● Task goal:
Repeat nothing but the lines below running from the one containing "Make the answer very short. 16.2." to the one containing "Your response must be concise. -4.3.". Keep both end lines.

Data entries

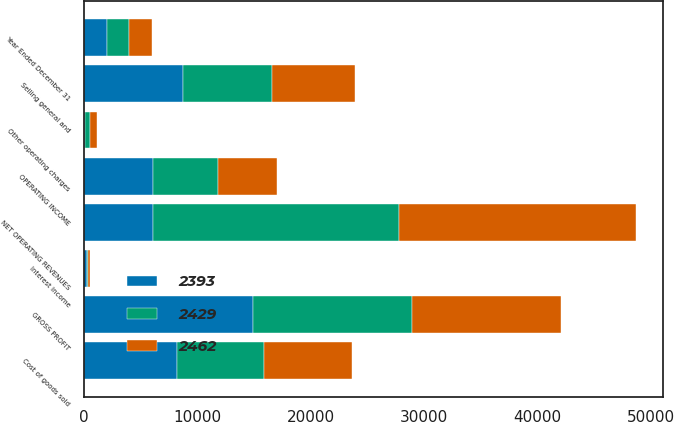Convert chart to OTSL. <chart><loc_0><loc_0><loc_500><loc_500><stacked_bar_chart><ecel><fcel>Year Ended December 31<fcel>NET OPERATING REVENUES<fcel>Cost of goods sold<fcel>GROSS PROFIT<fcel>Selling general and<fcel>Other operating charges<fcel>OPERATING INCOME<fcel>Interest income<nl><fcel>2393<fcel>2005<fcel>6085<fcel>8195<fcel>14909<fcel>8739<fcel>85<fcel>6085<fcel>235<nl><fcel>2429<fcel>2004<fcel>21742<fcel>7674<fcel>14068<fcel>7890<fcel>480<fcel>5698<fcel>157<nl><fcel>2462<fcel>2003<fcel>20857<fcel>7776<fcel>13081<fcel>7287<fcel>573<fcel>5221<fcel>176<nl></chart> 
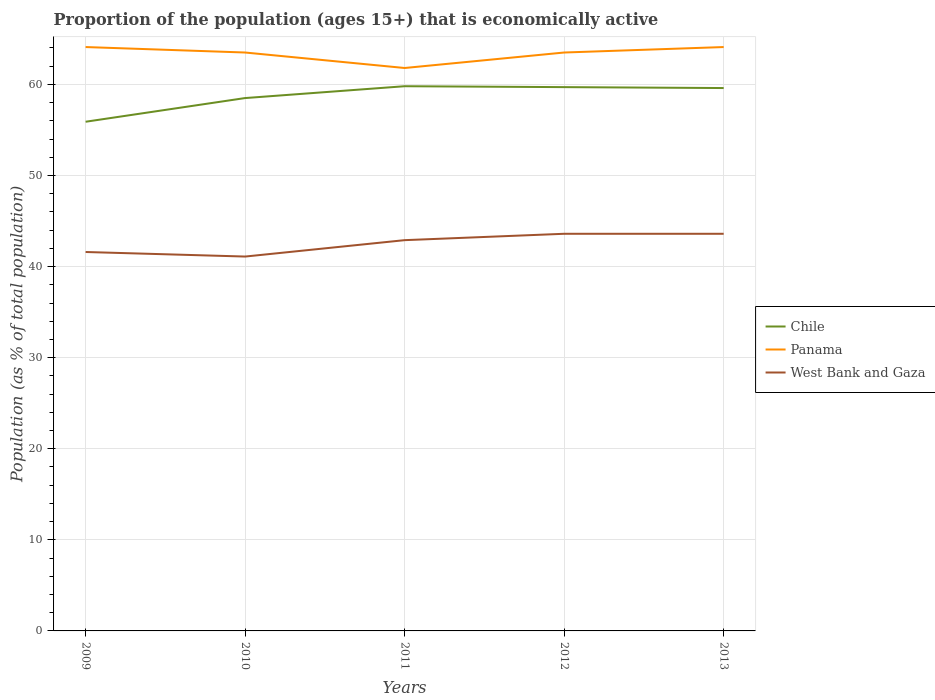How many different coloured lines are there?
Give a very brief answer. 3. Across all years, what is the maximum proportion of the population that is economically active in Panama?
Your response must be concise. 61.8. What is the total proportion of the population that is economically active in West Bank and Gaza in the graph?
Offer a very short reply. -0.7. What is the difference between the highest and the second highest proportion of the population that is economically active in Panama?
Ensure brevity in your answer.  2.3. What is the difference between the highest and the lowest proportion of the population that is economically active in Chile?
Offer a terse response. 3. How many years are there in the graph?
Offer a very short reply. 5. What is the difference between two consecutive major ticks on the Y-axis?
Give a very brief answer. 10. Are the values on the major ticks of Y-axis written in scientific E-notation?
Your answer should be very brief. No. How many legend labels are there?
Provide a short and direct response. 3. How are the legend labels stacked?
Your response must be concise. Vertical. What is the title of the graph?
Keep it short and to the point. Proportion of the population (ages 15+) that is economically active. What is the label or title of the Y-axis?
Give a very brief answer. Population (as % of total population). What is the Population (as % of total population) in Chile in 2009?
Provide a succinct answer. 55.9. What is the Population (as % of total population) of Panama in 2009?
Offer a terse response. 64.1. What is the Population (as % of total population) in West Bank and Gaza in 2009?
Your response must be concise. 41.6. What is the Population (as % of total population) in Chile in 2010?
Keep it short and to the point. 58.5. What is the Population (as % of total population) in Panama in 2010?
Ensure brevity in your answer.  63.5. What is the Population (as % of total population) of West Bank and Gaza in 2010?
Provide a short and direct response. 41.1. What is the Population (as % of total population) of Chile in 2011?
Your response must be concise. 59.8. What is the Population (as % of total population) in Panama in 2011?
Offer a very short reply. 61.8. What is the Population (as % of total population) of West Bank and Gaza in 2011?
Your answer should be compact. 42.9. What is the Population (as % of total population) of Chile in 2012?
Your answer should be very brief. 59.7. What is the Population (as % of total population) in Panama in 2012?
Make the answer very short. 63.5. What is the Population (as % of total population) in West Bank and Gaza in 2012?
Keep it short and to the point. 43.6. What is the Population (as % of total population) in Chile in 2013?
Your answer should be very brief. 59.6. What is the Population (as % of total population) in Panama in 2013?
Make the answer very short. 64.1. What is the Population (as % of total population) of West Bank and Gaza in 2013?
Provide a short and direct response. 43.6. Across all years, what is the maximum Population (as % of total population) in Chile?
Ensure brevity in your answer.  59.8. Across all years, what is the maximum Population (as % of total population) of Panama?
Give a very brief answer. 64.1. Across all years, what is the maximum Population (as % of total population) of West Bank and Gaza?
Your response must be concise. 43.6. Across all years, what is the minimum Population (as % of total population) in Chile?
Give a very brief answer. 55.9. Across all years, what is the minimum Population (as % of total population) in Panama?
Make the answer very short. 61.8. Across all years, what is the minimum Population (as % of total population) in West Bank and Gaza?
Make the answer very short. 41.1. What is the total Population (as % of total population) in Chile in the graph?
Make the answer very short. 293.5. What is the total Population (as % of total population) of Panama in the graph?
Make the answer very short. 317. What is the total Population (as % of total population) in West Bank and Gaza in the graph?
Your answer should be compact. 212.8. What is the difference between the Population (as % of total population) in Panama in 2009 and that in 2010?
Make the answer very short. 0.6. What is the difference between the Population (as % of total population) in West Bank and Gaza in 2009 and that in 2010?
Your answer should be very brief. 0.5. What is the difference between the Population (as % of total population) in Chile in 2009 and that in 2011?
Your response must be concise. -3.9. What is the difference between the Population (as % of total population) in Panama in 2009 and that in 2011?
Your answer should be very brief. 2.3. What is the difference between the Population (as % of total population) in West Bank and Gaza in 2009 and that in 2011?
Your answer should be compact. -1.3. What is the difference between the Population (as % of total population) of Chile in 2009 and that in 2012?
Your response must be concise. -3.8. What is the difference between the Population (as % of total population) in Panama in 2009 and that in 2012?
Give a very brief answer. 0.6. What is the difference between the Population (as % of total population) of Chile in 2009 and that in 2013?
Offer a terse response. -3.7. What is the difference between the Population (as % of total population) of West Bank and Gaza in 2009 and that in 2013?
Give a very brief answer. -2. What is the difference between the Population (as % of total population) of Panama in 2010 and that in 2011?
Provide a succinct answer. 1.7. What is the difference between the Population (as % of total population) of West Bank and Gaza in 2010 and that in 2011?
Give a very brief answer. -1.8. What is the difference between the Population (as % of total population) in West Bank and Gaza in 2010 and that in 2012?
Provide a short and direct response. -2.5. What is the difference between the Population (as % of total population) in Chile in 2010 and that in 2013?
Your answer should be very brief. -1.1. What is the difference between the Population (as % of total population) of Panama in 2010 and that in 2013?
Give a very brief answer. -0.6. What is the difference between the Population (as % of total population) of Chile in 2011 and that in 2012?
Provide a short and direct response. 0.1. What is the difference between the Population (as % of total population) in West Bank and Gaza in 2011 and that in 2012?
Provide a succinct answer. -0.7. What is the difference between the Population (as % of total population) of Chile in 2012 and that in 2013?
Provide a short and direct response. 0.1. What is the difference between the Population (as % of total population) in Chile in 2009 and the Population (as % of total population) in Panama in 2010?
Offer a terse response. -7.6. What is the difference between the Population (as % of total population) of Chile in 2009 and the Population (as % of total population) of West Bank and Gaza in 2011?
Provide a short and direct response. 13. What is the difference between the Population (as % of total population) in Panama in 2009 and the Population (as % of total population) in West Bank and Gaza in 2011?
Ensure brevity in your answer.  21.2. What is the difference between the Population (as % of total population) in Chile in 2009 and the Population (as % of total population) in Panama in 2012?
Your answer should be very brief. -7.6. What is the difference between the Population (as % of total population) in Panama in 2009 and the Population (as % of total population) in West Bank and Gaza in 2012?
Your response must be concise. 20.5. What is the difference between the Population (as % of total population) in Chile in 2009 and the Population (as % of total population) in Panama in 2013?
Offer a very short reply. -8.2. What is the difference between the Population (as % of total population) in Panama in 2009 and the Population (as % of total population) in West Bank and Gaza in 2013?
Provide a short and direct response. 20.5. What is the difference between the Population (as % of total population) of Chile in 2010 and the Population (as % of total population) of West Bank and Gaza in 2011?
Your answer should be very brief. 15.6. What is the difference between the Population (as % of total population) of Panama in 2010 and the Population (as % of total population) of West Bank and Gaza in 2011?
Keep it short and to the point. 20.6. What is the difference between the Population (as % of total population) in Chile in 2010 and the Population (as % of total population) in Panama in 2012?
Provide a short and direct response. -5. What is the difference between the Population (as % of total population) of Panama in 2010 and the Population (as % of total population) of West Bank and Gaza in 2012?
Your answer should be compact. 19.9. What is the difference between the Population (as % of total population) in Chile in 2010 and the Population (as % of total population) in West Bank and Gaza in 2013?
Keep it short and to the point. 14.9. What is the difference between the Population (as % of total population) in Panama in 2010 and the Population (as % of total population) in West Bank and Gaza in 2013?
Provide a succinct answer. 19.9. What is the difference between the Population (as % of total population) in Chile in 2011 and the Population (as % of total population) in Panama in 2012?
Make the answer very short. -3.7. What is the difference between the Population (as % of total population) in Chile in 2011 and the Population (as % of total population) in West Bank and Gaza in 2012?
Make the answer very short. 16.2. What is the difference between the Population (as % of total population) of Chile in 2011 and the Population (as % of total population) of Panama in 2013?
Your response must be concise. -4.3. What is the difference between the Population (as % of total population) in Chile in 2011 and the Population (as % of total population) in West Bank and Gaza in 2013?
Your answer should be compact. 16.2. What is the difference between the Population (as % of total population) of Panama in 2011 and the Population (as % of total population) of West Bank and Gaza in 2013?
Offer a terse response. 18.2. What is the difference between the Population (as % of total population) of Chile in 2012 and the Population (as % of total population) of West Bank and Gaza in 2013?
Your answer should be compact. 16.1. What is the difference between the Population (as % of total population) in Panama in 2012 and the Population (as % of total population) in West Bank and Gaza in 2013?
Provide a short and direct response. 19.9. What is the average Population (as % of total population) in Chile per year?
Offer a terse response. 58.7. What is the average Population (as % of total population) of Panama per year?
Ensure brevity in your answer.  63.4. What is the average Population (as % of total population) of West Bank and Gaza per year?
Provide a succinct answer. 42.56. In the year 2010, what is the difference between the Population (as % of total population) in Chile and Population (as % of total population) in Panama?
Offer a very short reply. -5. In the year 2010, what is the difference between the Population (as % of total population) of Chile and Population (as % of total population) of West Bank and Gaza?
Provide a succinct answer. 17.4. In the year 2010, what is the difference between the Population (as % of total population) in Panama and Population (as % of total population) in West Bank and Gaza?
Give a very brief answer. 22.4. In the year 2012, what is the difference between the Population (as % of total population) in Chile and Population (as % of total population) in Panama?
Give a very brief answer. -3.8. In the year 2012, what is the difference between the Population (as % of total population) in Panama and Population (as % of total population) in West Bank and Gaza?
Make the answer very short. 19.9. In the year 2013, what is the difference between the Population (as % of total population) in Chile and Population (as % of total population) in Panama?
Offer a very short reply. -4.5. What is the ratio of the Population (as % of total population) of Chile in 2009 to that in 2010?
Your answer should be very brief. 0.96. What is the ratio of the Population (as % of total population) in Panama in 2009 to that in 2010?
Your answer should be compact. 1.01. What is the ratio of the Population (as % of total population) of West Bank and Gaza in 2009 to that in 2010?
Give a very brief answer. 1.01. What is the ratio of the Population (as % of total population) in Chile in 2009 to that in 2011?
Provide a succinct answer. 0.93. What is the ratio of the Population (as % of total population) of Panama in 2009 to that in 2011?
Provide a short and direct response. 1.04. What is the ratio of the Population (as % of total population) in West Bank and Gaza in 2009 to that in 2011?
Provide a succinct answer. 0.97. What is the ratio of the Population (as % of total population) in Chile in 2009 to that in 2012?
Keep it short and to the point. 0.94. What is the ratio of the Population (as % of total population) in Panama in 2009 to that in 2012?
Your answer should be compact. 1.01. What is the ratio of the Population (as % of total population) in West Bank and Gaza in 2009 to that in 2012?
Your answer should be compact. 0.95. What is the ratio of the Population (as % of total population) in Chile in 2009 to that in 2013?
Your answer should be very brief. 0.94. What is the ratio of the Population (as % of total population) of Panama in 2009 to that in 2013?
Give a very brief answer. 1. What is the ratio of the Population (as % of total population) in West Bank and Gaza in 2009 to that in 2013?
Keep it short and to the point. 0.95. What is the ratio of the Population (as % of total population) of Chile in 2010 to that in 2011?
Ensure brevity in your answer.  0.98. What is the ratio of the Population (as % of total population) in Panama in 2010 to that in 2011?
Ensure brevity in your answer.  1.03. What is the ratio of the Population (as % of total population) of West Bank and Gaza in 2010 to that in 2011?
Your response must be concise. 0.96. What is the ratio of the Population (as % of total population) of Chile in 2010 to that in 2012?
Ensure brevity in your answer.  0.98. What is the ratio of the Population (as % of total population) in Panama in 2010 to that in 2012?
Your answer should be compact. 1. What is the ratio of the Population (as % of total population) in West Bank and Gaza in 2010 to that in 2012?
Provide a short and direct response. 0.94. What is the ratio of the Population (as % of total population) of Chile in 2010 to that in 2013?
Your answer should be compact. 0.98. What is the ratio of the Population (as % of total population) of Panama in 2010 to that in 2013?
Give a very brief answer. 0.99. What is the ratio of the Population (as % of total population) in West Bank and Gaza in 2010 to that in 2013?
Keep it short and to the point. 0.94. What is the ratio of the Population (as % of total population) of Chile in 2011 to that in 2012?
Keep it short and to the point. 1. What is the ratio of the Population (as % of total population) of Panama in 2011 to that in 2012?
Offer a very short reply. 0.97. What is the ratio of the Population (as % of total population) of West Bank and Gaza in 2011 to that in 2012?
Your answer should be compact. 0.98. What is the ratio of the Population (as % of total population) in Chile in 2011 to that in 2013?
Provide a short and direct response. 1. What is the ratio of the Population (as % of total population) in Panama in 2011 to that in 2013?
Offer a terse response. 0.96. What is the ratio of the Population (as % of total population) of West Bank and Gaza in 2011 to that in 2013?
Provide a succinct answer. 0.98. What is the ratio of the Population (as % of total population) of Panama in 2012 to that in 2013?
Your answer should be very brief. 0.99. What is the difference between the highest and the second highest Population (as % of total population) in Panama?
Ensure brevity in your answer.  0. What is the difference between the highest and the second highest Population (as % of total population) of West Bank and Gaza?
Offer a terse response. 0. What is the difference between the highest and the lowest Population (as % of total population) in West Bank and Gaza?
Your response must be concise. 2.5.

● Answer space:
Make the answer very short. 16.2. What is the difference between the Population (as % of total population) of Chile in 2011 and the Population (as % of total population) of Panama in 2013?
Your response must be concise. -4.3. What is the difference between the Population (as % of total population) in Chile in 2011 and the Population (as % of total population) in West Bank and Gaza in 2013?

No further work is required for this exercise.